| Exercise instructions |
Please retype the records below exactly, from the first line down to and including the line with "Provide a short and direct response. 1974.".

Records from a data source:
☆ ☆ ☆ ☆ ☆ ☆ ☆

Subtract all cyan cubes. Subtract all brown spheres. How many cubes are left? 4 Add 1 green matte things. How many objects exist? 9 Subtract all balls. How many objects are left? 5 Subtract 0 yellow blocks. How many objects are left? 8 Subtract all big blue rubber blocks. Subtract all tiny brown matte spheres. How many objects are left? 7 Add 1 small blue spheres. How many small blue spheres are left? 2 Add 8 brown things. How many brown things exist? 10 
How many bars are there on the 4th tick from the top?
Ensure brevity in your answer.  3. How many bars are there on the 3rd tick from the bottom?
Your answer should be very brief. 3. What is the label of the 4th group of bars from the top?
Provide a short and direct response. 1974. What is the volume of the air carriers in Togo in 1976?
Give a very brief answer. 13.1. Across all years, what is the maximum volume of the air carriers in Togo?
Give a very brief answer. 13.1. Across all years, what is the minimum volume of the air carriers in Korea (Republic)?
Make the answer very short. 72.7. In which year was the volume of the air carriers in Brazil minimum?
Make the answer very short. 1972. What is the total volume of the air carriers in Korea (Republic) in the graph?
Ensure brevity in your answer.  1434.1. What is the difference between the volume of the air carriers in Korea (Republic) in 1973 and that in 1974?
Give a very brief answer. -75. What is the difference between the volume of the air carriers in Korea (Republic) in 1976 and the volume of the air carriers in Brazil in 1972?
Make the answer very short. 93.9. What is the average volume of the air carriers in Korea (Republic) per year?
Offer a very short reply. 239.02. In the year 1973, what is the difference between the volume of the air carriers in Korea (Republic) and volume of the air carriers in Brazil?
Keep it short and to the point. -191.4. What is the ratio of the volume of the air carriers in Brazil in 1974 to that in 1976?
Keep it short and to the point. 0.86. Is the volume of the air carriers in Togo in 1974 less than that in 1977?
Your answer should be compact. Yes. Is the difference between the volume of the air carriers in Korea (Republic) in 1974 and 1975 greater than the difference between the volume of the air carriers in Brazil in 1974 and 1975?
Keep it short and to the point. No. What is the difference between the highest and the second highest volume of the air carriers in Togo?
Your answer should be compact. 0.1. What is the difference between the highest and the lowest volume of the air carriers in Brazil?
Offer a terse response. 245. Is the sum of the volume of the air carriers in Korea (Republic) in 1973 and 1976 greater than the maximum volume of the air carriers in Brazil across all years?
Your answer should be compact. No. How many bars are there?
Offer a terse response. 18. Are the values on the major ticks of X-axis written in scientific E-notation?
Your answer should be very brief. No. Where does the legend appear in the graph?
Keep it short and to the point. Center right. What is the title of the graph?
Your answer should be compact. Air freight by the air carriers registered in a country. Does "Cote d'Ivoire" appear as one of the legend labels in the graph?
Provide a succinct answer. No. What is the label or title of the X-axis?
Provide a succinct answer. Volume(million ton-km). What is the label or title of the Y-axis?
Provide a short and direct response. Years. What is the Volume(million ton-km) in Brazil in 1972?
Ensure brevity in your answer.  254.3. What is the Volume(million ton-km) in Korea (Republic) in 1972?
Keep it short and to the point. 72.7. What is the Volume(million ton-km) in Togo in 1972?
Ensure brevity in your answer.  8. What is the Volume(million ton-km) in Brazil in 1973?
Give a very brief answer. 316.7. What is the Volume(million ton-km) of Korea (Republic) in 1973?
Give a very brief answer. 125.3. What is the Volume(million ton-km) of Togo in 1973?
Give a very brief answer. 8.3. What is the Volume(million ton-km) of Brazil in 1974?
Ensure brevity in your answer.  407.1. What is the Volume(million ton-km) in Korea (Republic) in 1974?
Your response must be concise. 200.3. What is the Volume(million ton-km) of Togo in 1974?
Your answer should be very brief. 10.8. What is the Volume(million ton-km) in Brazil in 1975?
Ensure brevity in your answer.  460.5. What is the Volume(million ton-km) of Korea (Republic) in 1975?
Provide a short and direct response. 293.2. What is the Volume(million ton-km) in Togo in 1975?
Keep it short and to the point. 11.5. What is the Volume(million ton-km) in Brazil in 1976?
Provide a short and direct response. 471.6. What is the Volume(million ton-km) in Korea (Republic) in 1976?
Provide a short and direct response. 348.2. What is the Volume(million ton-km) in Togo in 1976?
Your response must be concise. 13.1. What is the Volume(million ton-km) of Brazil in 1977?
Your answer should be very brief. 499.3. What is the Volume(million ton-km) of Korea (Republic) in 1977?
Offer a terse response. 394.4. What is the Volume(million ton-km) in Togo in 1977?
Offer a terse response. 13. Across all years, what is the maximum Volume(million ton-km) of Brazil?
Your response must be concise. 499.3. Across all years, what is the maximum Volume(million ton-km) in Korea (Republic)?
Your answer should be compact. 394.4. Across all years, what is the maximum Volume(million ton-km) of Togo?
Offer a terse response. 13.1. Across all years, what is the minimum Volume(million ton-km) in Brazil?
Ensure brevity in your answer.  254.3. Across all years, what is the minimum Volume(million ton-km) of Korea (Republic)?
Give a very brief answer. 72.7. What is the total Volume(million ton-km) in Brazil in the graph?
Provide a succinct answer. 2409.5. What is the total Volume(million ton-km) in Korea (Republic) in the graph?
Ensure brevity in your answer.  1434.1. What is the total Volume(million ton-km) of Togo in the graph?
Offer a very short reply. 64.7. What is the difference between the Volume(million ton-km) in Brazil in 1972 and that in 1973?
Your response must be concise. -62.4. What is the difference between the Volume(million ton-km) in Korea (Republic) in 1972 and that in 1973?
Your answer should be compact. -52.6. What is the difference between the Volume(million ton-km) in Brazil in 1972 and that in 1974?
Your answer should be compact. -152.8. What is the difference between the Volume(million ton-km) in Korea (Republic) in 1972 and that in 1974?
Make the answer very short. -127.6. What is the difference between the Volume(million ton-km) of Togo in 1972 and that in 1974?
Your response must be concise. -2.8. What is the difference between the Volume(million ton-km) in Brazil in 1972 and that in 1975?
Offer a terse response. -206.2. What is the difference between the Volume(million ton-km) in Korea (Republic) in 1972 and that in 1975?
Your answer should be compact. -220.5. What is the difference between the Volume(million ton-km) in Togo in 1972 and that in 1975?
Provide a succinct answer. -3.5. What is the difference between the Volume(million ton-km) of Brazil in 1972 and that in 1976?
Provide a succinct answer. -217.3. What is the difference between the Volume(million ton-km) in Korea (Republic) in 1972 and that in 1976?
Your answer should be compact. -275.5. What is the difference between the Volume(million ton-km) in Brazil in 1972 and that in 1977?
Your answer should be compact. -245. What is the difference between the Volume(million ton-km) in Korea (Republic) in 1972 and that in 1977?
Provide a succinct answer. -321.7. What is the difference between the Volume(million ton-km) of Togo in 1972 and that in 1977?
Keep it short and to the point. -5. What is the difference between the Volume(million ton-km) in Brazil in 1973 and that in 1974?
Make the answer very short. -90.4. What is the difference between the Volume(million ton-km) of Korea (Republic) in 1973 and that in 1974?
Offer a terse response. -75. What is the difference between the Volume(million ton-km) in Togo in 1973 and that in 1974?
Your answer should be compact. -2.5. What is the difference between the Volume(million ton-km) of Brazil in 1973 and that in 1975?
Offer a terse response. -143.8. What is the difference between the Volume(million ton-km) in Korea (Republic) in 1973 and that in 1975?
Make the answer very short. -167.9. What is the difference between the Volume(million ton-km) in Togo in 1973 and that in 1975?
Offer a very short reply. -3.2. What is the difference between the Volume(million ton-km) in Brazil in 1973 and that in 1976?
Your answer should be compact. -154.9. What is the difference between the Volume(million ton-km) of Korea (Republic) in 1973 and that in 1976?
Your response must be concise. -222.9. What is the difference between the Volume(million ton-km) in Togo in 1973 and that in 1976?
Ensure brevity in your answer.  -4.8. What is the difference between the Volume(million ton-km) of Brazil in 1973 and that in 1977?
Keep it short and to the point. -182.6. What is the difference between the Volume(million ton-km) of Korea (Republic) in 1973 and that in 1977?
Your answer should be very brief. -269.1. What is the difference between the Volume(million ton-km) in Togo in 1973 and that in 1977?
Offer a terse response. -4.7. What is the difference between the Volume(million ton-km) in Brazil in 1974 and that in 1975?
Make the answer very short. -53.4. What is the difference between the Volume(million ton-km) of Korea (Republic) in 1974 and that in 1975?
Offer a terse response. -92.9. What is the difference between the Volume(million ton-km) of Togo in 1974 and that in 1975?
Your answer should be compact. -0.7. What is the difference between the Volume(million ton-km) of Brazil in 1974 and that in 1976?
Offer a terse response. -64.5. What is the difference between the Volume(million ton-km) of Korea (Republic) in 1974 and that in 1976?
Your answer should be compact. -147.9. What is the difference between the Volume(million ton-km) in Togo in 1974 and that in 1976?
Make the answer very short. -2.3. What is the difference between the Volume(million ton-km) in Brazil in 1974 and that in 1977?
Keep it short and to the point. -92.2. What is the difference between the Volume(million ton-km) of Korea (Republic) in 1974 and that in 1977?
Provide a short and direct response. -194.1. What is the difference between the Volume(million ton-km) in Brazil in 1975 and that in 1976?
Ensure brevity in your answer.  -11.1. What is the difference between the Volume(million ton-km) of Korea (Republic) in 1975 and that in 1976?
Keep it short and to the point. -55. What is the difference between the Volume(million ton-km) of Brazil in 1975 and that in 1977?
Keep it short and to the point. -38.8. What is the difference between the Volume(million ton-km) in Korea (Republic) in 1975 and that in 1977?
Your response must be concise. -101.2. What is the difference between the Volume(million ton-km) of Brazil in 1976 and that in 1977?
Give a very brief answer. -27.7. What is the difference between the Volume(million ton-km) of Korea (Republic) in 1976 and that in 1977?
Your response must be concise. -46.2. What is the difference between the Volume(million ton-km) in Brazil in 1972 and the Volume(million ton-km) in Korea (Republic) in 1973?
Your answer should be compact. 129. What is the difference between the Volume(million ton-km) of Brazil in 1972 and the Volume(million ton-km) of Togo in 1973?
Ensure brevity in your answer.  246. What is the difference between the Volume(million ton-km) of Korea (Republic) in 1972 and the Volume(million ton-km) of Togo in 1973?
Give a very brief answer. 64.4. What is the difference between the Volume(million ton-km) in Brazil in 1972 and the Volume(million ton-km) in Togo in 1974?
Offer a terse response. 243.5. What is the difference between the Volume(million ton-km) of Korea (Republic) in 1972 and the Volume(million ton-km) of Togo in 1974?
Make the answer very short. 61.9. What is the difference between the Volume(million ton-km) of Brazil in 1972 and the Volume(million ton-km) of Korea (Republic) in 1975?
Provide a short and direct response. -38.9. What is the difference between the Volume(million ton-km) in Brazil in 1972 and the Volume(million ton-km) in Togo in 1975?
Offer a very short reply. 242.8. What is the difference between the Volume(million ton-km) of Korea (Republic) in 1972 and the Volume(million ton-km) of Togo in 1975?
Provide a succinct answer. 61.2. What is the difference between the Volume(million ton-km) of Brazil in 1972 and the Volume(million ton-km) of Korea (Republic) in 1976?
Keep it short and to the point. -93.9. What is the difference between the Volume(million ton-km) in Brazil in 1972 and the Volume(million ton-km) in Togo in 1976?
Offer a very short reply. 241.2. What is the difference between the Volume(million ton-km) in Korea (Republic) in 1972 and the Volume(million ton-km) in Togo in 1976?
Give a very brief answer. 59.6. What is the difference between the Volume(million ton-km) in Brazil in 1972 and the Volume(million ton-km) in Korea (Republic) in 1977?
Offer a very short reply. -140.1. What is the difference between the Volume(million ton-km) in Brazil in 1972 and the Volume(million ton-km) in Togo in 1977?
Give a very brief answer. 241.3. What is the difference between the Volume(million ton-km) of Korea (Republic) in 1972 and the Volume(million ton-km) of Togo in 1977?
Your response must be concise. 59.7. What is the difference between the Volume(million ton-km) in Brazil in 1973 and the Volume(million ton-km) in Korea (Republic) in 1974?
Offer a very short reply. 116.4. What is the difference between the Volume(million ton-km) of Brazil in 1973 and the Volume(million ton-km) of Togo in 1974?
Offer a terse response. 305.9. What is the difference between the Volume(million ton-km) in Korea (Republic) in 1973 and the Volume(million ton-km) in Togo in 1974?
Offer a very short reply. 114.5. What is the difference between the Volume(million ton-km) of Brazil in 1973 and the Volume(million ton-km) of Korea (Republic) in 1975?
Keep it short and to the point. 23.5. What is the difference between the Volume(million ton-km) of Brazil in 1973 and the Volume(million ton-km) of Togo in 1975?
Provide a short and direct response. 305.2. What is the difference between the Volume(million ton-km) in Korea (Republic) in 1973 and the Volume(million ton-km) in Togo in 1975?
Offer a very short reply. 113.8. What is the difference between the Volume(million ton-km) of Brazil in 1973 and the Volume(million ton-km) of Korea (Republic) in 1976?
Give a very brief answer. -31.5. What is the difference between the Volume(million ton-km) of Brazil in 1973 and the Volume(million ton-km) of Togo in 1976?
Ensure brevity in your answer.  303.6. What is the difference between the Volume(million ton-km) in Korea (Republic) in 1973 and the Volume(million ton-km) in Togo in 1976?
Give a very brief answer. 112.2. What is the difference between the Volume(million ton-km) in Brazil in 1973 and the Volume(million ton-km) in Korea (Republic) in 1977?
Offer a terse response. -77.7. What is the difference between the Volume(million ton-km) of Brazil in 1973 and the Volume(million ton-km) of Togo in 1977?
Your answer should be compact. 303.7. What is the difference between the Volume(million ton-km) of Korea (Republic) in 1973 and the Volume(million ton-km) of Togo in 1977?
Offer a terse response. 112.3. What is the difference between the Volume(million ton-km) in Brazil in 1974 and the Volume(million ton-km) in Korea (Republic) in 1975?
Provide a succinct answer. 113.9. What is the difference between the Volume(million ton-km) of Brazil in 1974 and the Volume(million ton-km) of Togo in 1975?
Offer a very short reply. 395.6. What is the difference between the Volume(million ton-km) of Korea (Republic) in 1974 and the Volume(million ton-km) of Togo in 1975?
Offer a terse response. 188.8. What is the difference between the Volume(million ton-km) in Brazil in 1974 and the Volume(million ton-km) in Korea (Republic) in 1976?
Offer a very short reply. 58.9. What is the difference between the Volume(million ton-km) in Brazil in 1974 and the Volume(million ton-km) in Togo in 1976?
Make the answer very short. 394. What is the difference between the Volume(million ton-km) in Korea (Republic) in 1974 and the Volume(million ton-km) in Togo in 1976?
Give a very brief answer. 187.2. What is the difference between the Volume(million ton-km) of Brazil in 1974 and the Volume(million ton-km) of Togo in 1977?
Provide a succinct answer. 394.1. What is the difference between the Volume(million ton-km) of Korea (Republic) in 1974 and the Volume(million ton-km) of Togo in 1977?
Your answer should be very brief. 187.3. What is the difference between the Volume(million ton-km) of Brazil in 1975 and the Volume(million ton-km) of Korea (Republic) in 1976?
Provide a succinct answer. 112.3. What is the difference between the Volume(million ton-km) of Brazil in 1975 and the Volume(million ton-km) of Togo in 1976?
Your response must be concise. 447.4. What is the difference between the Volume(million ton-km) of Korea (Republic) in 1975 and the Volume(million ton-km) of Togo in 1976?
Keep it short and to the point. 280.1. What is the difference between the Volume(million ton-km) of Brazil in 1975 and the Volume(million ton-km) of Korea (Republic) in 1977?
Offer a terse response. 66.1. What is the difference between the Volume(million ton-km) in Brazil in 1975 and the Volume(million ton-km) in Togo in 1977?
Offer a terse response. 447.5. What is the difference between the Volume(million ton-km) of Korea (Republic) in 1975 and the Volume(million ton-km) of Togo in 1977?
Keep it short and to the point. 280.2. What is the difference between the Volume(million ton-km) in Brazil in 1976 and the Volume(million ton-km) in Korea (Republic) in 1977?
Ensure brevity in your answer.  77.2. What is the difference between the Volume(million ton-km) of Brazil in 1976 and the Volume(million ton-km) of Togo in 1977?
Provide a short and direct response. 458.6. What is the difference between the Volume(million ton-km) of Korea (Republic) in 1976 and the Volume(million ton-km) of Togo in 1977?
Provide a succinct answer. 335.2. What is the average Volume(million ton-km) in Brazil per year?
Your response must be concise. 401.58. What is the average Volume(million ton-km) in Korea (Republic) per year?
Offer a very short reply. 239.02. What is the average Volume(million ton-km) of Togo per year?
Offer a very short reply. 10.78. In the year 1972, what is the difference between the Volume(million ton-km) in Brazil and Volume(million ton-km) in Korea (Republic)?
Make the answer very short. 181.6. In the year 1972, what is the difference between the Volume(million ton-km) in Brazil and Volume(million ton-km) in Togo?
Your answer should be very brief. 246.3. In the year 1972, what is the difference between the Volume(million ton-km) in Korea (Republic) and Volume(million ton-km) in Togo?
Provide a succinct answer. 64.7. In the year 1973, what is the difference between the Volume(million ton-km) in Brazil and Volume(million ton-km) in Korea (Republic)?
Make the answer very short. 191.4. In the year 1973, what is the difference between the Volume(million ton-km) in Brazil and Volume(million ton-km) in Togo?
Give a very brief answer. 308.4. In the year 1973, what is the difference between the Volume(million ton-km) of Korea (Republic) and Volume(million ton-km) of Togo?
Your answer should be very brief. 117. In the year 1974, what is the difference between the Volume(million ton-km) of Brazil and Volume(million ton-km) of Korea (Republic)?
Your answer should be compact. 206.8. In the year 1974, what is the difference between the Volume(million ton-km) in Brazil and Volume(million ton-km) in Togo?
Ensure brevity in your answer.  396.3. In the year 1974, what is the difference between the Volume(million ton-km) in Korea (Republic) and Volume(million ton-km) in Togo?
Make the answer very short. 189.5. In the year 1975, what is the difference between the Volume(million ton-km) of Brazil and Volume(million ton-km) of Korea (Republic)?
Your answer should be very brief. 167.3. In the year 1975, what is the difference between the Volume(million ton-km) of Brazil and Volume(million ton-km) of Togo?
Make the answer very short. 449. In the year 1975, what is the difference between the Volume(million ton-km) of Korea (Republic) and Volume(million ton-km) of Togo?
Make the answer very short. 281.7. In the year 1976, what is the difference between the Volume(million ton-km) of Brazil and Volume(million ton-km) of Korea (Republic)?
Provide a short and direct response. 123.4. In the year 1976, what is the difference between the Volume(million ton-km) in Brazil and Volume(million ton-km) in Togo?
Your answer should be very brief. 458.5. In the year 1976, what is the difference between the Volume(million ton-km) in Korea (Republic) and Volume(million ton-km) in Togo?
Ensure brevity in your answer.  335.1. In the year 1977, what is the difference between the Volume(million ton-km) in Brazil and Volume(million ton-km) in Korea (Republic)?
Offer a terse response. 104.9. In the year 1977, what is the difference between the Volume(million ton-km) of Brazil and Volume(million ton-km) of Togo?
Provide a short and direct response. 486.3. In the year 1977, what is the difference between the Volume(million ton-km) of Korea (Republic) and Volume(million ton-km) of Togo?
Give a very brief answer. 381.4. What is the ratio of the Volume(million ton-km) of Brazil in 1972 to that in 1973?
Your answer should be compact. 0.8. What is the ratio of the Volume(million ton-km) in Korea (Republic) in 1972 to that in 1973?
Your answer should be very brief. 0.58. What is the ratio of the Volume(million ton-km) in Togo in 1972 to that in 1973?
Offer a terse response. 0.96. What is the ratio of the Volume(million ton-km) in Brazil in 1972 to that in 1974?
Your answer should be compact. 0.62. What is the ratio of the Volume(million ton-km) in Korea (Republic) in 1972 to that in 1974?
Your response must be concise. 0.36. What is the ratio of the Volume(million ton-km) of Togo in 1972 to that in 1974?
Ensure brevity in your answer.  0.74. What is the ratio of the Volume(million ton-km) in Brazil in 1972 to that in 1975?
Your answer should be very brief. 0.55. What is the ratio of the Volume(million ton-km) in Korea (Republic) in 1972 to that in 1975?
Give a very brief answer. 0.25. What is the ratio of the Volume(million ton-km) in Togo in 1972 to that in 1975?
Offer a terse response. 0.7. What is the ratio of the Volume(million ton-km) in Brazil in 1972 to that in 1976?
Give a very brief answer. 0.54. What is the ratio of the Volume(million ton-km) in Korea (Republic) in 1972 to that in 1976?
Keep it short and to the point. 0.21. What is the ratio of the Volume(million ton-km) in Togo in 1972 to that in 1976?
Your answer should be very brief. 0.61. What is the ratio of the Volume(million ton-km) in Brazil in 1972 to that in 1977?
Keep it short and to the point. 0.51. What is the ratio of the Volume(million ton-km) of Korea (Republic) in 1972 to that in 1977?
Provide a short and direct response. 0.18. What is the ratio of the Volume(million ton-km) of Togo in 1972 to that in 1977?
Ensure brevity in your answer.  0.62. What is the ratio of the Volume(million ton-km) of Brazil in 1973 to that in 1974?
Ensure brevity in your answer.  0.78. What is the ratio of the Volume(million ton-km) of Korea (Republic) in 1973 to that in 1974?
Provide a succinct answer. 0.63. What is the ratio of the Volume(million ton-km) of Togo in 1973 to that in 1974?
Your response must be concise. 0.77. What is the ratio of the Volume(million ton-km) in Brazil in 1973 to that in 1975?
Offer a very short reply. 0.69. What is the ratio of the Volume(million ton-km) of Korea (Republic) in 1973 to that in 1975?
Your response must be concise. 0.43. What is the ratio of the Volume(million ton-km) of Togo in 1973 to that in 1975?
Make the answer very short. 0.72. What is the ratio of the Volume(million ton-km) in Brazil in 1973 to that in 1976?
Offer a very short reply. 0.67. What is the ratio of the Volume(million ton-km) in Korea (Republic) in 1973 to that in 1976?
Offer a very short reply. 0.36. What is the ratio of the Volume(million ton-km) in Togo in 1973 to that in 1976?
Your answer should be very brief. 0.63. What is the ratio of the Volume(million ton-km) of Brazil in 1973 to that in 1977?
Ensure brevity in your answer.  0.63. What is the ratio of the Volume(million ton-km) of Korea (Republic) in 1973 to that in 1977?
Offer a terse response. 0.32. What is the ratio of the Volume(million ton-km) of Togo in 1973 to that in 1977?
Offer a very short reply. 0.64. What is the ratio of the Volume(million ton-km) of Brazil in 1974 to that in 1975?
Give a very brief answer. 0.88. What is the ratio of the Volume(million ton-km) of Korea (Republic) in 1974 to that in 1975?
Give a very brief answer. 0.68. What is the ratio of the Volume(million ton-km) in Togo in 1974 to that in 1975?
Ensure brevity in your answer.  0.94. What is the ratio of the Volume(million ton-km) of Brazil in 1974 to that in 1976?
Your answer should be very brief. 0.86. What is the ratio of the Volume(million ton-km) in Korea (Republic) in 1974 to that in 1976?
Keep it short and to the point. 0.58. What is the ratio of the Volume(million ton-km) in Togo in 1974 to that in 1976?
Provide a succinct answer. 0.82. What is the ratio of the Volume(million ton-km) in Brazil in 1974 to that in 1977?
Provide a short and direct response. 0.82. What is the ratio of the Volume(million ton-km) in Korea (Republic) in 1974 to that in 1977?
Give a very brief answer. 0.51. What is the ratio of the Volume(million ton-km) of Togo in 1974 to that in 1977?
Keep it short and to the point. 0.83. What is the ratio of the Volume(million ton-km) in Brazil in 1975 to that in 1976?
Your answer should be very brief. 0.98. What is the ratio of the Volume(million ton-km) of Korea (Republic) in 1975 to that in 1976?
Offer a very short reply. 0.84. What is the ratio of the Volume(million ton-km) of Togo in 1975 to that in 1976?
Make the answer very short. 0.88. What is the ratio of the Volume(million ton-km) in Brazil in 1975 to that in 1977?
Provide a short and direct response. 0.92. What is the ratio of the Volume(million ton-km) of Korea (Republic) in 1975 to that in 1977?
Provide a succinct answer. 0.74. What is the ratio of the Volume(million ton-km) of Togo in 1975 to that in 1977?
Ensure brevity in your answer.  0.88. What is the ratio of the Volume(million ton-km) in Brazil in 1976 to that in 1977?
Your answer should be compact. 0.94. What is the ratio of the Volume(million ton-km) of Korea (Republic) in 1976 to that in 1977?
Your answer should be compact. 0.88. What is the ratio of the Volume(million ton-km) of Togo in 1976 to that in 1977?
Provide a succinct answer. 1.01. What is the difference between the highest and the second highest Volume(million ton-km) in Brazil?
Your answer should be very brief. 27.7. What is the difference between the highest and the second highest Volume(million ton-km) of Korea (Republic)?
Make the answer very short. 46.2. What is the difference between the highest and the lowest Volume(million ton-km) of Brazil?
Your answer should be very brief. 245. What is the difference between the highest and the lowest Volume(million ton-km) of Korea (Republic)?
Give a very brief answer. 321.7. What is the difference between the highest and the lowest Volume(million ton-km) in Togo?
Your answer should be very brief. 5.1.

☆ ☆ ☆ ☆ ☆ ☆ ☆

| Problem solution |
Subtract all cyan cubes. Subtract all brown spheres. How many cubes are left? 4 Add 1 green matte things. How many objects exist? 9 Subtract all balls. How many objects are left? 5 Subtract 0 yellow blocks. How many objects are left? 8 Subtract all big blue rubber blocks. Subtract all tiny brown matte spheres. How many objects are left? 7 Add 1 small blue spheres. How many small blue spheres are left? 2 Add 8 brown things. How many brown things exist? 10 
How many bars are there on the 4th tick from the top?
Ensure brevity in your answer.  3. How many bars are there on the 3rd tick from the bottom?
Your answer should be very brief. 3. What is the label of the 4th group of bars from the top?
Provide a short and direct response. 1974. What is the volume of the air carriers in Togo in 1976?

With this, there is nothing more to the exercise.